The work-around is to change the aws-vault invocation (note the addition of -W when calling open) to:

$ aws-vault --debug exec --server --prompt=osascript dev_profile -- open -W -a PyCharm.app

This keeps the parent aws-vault process alive for the duration that PyCharm is open, and the EC2 Instance Metadata "emulator" then works.

Issues with existing behavior

The primary problem with the current behavior is that it is very confusing even when debug logging is turned on in the process that is using the AWS SDK and/or in aws-vault as neither is obvious. Programs using the AWS SDK run through the various credential acquisition mechanisms and then just report that all of them failed.

The fact that the aws-vault proxy processes live on beyond the initial aws-vault invocation made this particularly confusing to track down.

Suggested Changes

One or more of the following would help make this failure case less confusing.
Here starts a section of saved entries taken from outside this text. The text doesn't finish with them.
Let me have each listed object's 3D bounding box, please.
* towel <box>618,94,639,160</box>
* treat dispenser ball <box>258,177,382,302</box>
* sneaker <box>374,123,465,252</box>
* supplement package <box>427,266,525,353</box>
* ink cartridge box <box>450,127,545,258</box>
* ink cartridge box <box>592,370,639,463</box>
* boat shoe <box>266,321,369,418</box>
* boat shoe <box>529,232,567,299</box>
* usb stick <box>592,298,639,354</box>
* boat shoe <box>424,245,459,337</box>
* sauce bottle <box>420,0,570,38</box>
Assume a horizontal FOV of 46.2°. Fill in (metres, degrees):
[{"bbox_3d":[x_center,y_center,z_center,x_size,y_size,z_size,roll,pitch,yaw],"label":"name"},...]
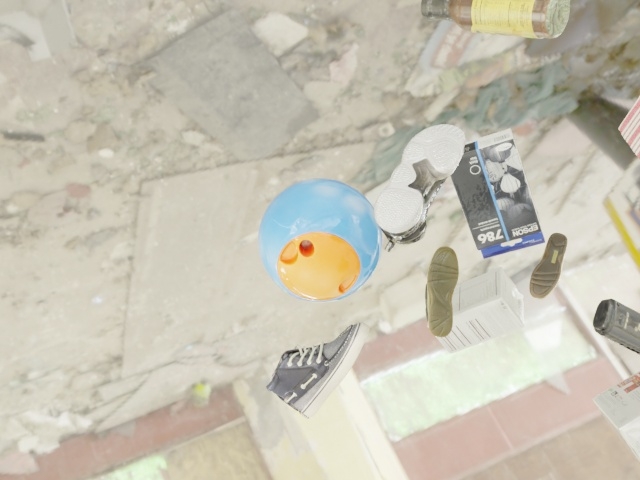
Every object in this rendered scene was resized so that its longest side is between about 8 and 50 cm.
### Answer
[{"bbox_3d":[0.808,-0.271,1.822,0.029,0.197,0.144,8,132,-20],"label":"towel"},{"bbox_3d":[0.000,0.000,1.734,0.288,0.288,0.288,-22,153,-12],"label":"treat dispenser ball"},{"bbox_3d":[0.190,-0.099,1.463,0.268,0.101,0.153,-54,161,-22],"label":"sneaker"},{"bbox_3d":[0.449,0.204,2.179,0.244,0.139,0.134,-26,118,30],"label":"supplement package"},{"bbox_3d":[0.421,-0.090,1.787,0.165,0.065,0.332,-18,119,17],"label":"ink cartridge box"},{"bbox_3d":[0.820,0.389,1.769,0.272,0.130,0.309,-34,175,9],"label":"ink cartridge box"},{"bbox_3d":[-0.015,0.318,1.974,0.340,0.158,0.127,-57,-177,27],"label":"boat shoe"},{"bbox_3d":[0.591,0.076,1.939,0.190,0.068,0.072,-60,160,-17],"label":"boat shoe"},{"bbox_3d":[0.644,0.191,1.484,0.278,0.077,0.045,25,171,-27],"label":"usb stick"},{"bbox_3d":[0.293,0.127,1.861,0.080,0.223,0.073,5,173,-8],"label":"boat shoe"},{"bbox_3d":[0.381,-0.520,1.684,0.111,0.344,0.111,-20,120,-40],"label":"sauce bottle"}]
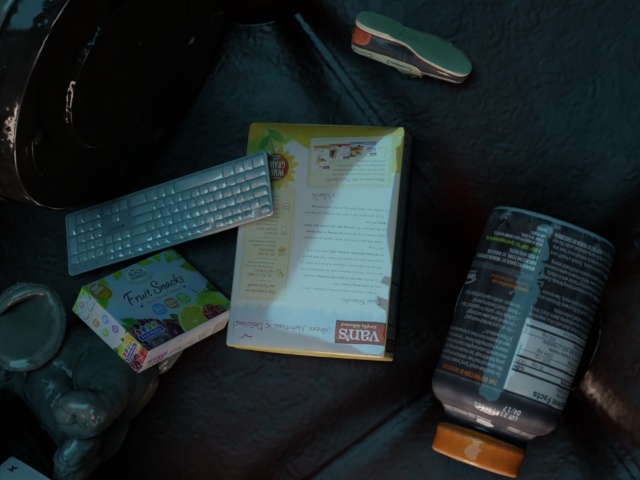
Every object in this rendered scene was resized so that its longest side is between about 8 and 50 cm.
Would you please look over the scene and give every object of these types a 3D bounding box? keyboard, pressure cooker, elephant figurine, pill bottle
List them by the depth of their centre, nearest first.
[{"bbox_3d":[0.186,0.100,1.451,0.130,0.130,0.245,19,86,17],"label":"pill bottle"},{"bbox_3d":[-0.352,-0.267,1.540,0.420,0.375,0.370,33,73,18],"label":"pressure cooker"},{"bbox_3d":[-0.303,0.126,1.558,0.239,0.186,0.169,35,118,12],"label":"elephant figurine"},{"bbox_3d":[-0.164,-0.027,1.600,0.256,0.014,0.072,-16,74,23],"label":"keyboard"}]

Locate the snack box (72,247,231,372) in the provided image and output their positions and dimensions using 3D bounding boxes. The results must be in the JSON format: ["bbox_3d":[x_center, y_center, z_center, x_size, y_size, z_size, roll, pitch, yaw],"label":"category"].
[{"bbox_3d":[-0.170,0.069,1.549,0.100,0.141,0.037,40,125,18],"label":"snack box"}]

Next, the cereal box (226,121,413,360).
[{"bbox_3d":[0.000,0.000,1.560,0.173,0.047,0.240,4,83,17],"label":"cereal box"}]

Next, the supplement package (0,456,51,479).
[{"bbox_3d":[-0.289,0.366,1.481,0.194,0.149,0.203,28,124,17],"label":"supplement package"}]

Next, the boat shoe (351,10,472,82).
[{"bbox_3d":[0.093,-0.194,1.571,0.137,0.049,0.043,26,131,15],"label":"boat shoe"}]
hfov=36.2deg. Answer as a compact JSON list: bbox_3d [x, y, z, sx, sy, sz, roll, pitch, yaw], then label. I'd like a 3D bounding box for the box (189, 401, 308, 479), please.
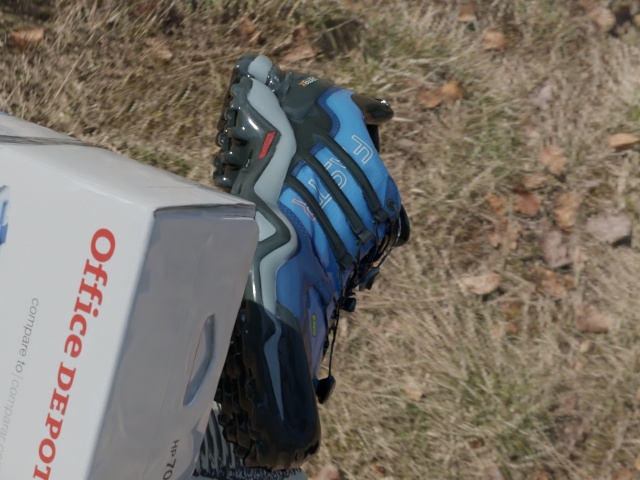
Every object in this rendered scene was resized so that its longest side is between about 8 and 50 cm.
[{"bbox_3d":[-0.141,0.122,0.700,0.094,0.113,0.275,-38,98,26],"label":"box"}]

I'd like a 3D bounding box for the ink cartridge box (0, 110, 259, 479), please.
[{"bbox_3d":[-0.140,0.021,0.441,0.082,0.191,0.139,-1,108,-62],"label":"ink cartridge box"}]

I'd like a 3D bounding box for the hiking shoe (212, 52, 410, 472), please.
[{"bbox_3d":[0.000,0.000,0.626,0.132,0.113,0.304,7,55,-12],"label":"hiking shoe"}]
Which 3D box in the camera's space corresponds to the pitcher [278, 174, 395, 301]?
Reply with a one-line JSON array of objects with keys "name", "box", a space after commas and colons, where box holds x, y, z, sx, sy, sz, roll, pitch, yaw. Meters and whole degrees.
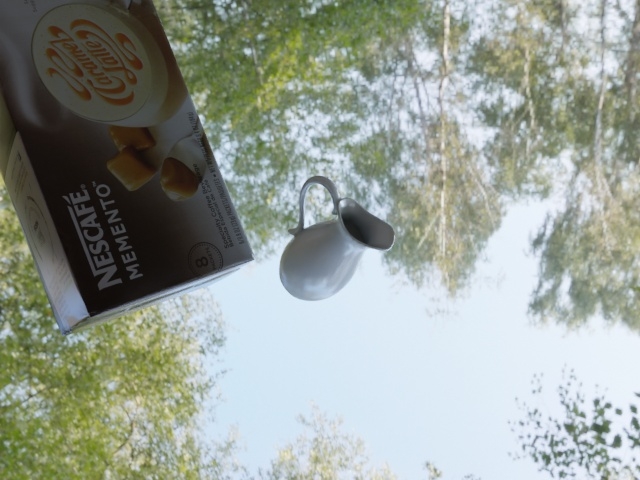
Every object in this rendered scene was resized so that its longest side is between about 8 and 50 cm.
[{"name": "pitcher", "box": [0.000, 0.000, 1.166, 0.178, 0.207, 0.125, 49, -140, 2]}]

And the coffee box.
[{"name": "coffee box", "box": [-0.170, -0.067, 0.529, 0.141, 0.247, 0.098, -19, 175, -36]}]
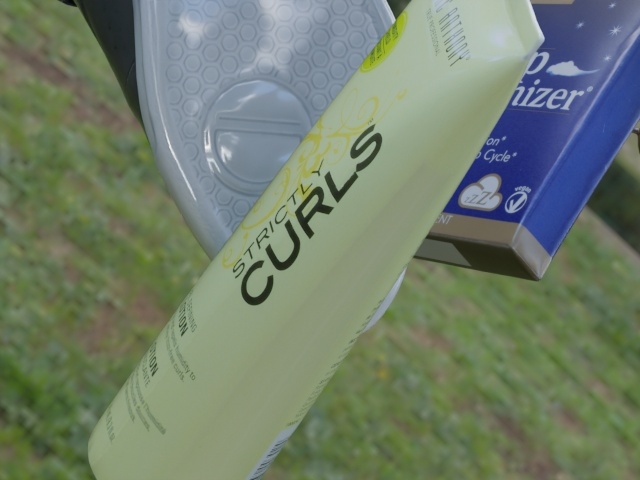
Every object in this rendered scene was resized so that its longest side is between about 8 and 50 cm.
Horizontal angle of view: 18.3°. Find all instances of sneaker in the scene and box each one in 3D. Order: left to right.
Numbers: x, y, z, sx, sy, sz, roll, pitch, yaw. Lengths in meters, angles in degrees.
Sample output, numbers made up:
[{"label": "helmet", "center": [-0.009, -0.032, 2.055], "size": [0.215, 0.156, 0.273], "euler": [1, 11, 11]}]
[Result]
[{"label": "sneaker", "center": [-0.056, -0.097, 0.795], "size": [0.296, 0.104, 0.147], "euler": [66, -18, -3]}]

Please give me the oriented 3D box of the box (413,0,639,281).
[{"label": "box", "center": [0.122, -0.083, 1.080], "size": [0.136, 0.225, 0.036], "euler": [10, -31, 52]}]

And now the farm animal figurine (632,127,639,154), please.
[{"label": "farm animal figurine", "center": [0.278, -0.203, 1.315], "size": [0.172, 0.330, 0.327], "euler": [21, 28, -42]}]

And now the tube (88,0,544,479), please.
[{"label": "tube", "center": [0.000, 0.000, 0.673], "size": [0.070, 0.240, 0.062], "euler": [48, 31, 22]}]
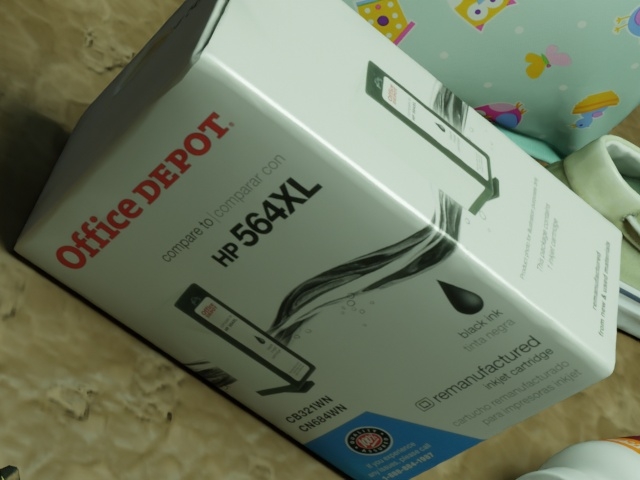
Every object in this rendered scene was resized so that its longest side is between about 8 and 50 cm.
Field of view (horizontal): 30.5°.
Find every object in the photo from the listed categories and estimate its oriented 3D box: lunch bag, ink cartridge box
[{"bbox_3d":[0.109,-0.186,0.680,0.262,0.223,0.160,22,42,-30],"label":"lunch bag"},{"bbox_3d":[0.000,0.000,0.486,0.203,0.148,0.086,35,43,-18],"label":"ink cartridge box"}]

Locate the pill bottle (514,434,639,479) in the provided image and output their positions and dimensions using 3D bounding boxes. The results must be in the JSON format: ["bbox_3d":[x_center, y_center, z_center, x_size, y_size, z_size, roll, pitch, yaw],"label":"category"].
[{"bbox_3d":[0.157,0.140,0.583,0.152,0.086,0.086,4,59,-44],"label":"pill bottle"}]

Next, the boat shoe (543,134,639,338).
[{"bbox_3d":[0.242,0.015,0.758,0.302,0.094,0.109,14,52,-38],"label":"boat shoe"}]

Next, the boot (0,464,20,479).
[{"bbox_3d":[-0.059,0.132,0.333,0.284,0.138,0.377,15,55,-36],"label":"boot"}]
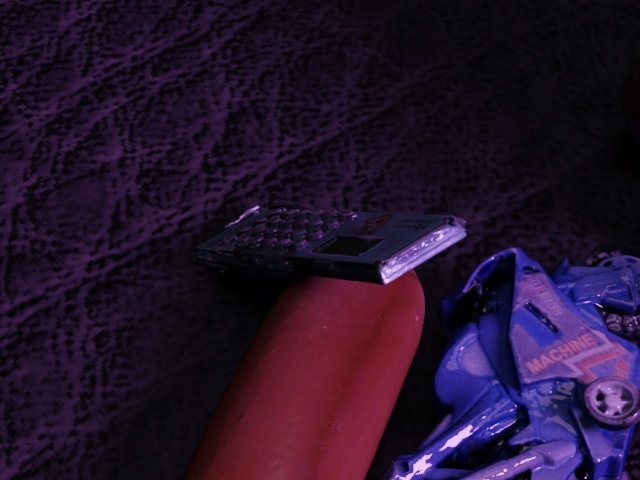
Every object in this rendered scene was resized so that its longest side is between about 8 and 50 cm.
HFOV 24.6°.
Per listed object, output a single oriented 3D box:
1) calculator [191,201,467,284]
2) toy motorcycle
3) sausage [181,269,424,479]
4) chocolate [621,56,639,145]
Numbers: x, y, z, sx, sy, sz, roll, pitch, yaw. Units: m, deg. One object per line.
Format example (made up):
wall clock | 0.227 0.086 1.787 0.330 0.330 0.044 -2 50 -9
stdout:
calculator | 0.000 0.000 0.698 0.057 0.018 0.172 -32 19 -27
toy motorcycle | 0.096 0.072 0.683 0.114 0.076 0.205 14 50 17
sausage | -0.007 0.076 0.662 0.077 0.077 0.194 19 47 10
chocolate | 0.249 -0.067 0.819 0.167 0.072 0.072 8 49 -3
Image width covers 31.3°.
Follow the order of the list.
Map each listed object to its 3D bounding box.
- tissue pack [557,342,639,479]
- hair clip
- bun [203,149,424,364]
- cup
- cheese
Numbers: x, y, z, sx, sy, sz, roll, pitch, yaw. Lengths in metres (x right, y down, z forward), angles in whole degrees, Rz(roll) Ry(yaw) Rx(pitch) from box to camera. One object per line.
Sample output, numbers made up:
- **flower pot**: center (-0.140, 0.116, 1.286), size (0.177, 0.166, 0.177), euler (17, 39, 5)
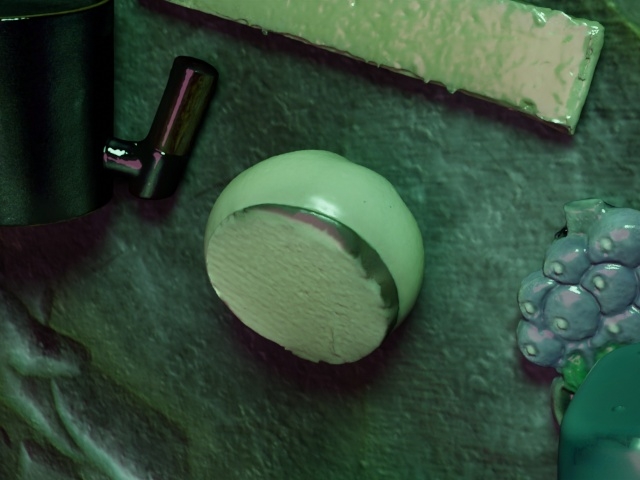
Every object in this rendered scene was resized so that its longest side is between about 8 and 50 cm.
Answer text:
- **tissue pack**: center (0.303, 0.173, 0.710), size (0.287, 0.198, 0.206), euler (-6, 106, 26)
- **hair clip**: center (0.205, 0.061, 0.832), size (0.124, 0.052, 0.195), euler (-8, 108, 26)
- **bun**: center (0.000, 0.000, 0.882), size (0.173, 0.120, 0.173), euler (15, 137, 15)
- **cup**: center (-0.222, -0.110, 0.954), size (0.239, 0.166, 0.177), euler (12, 114, 28)
- **cheese**: center (0.018, -0.180, 0.868), size (0.400, 0.034, 0.085), euler (23, 115, 22)

  • Shut down the proxy processes when the original aws-vault parent process exits.
  • Return an error message in the response to the client that reflects the failure of the proxy to acquire credentials from the parent (in the event of a race where a metadata server client makes a request that cannot be serviced before the proxy exits).
  • Better document aws-vault expectations of the sub-processes it launches on behalf of the user.

Thank you @mtibben, that PR looks great.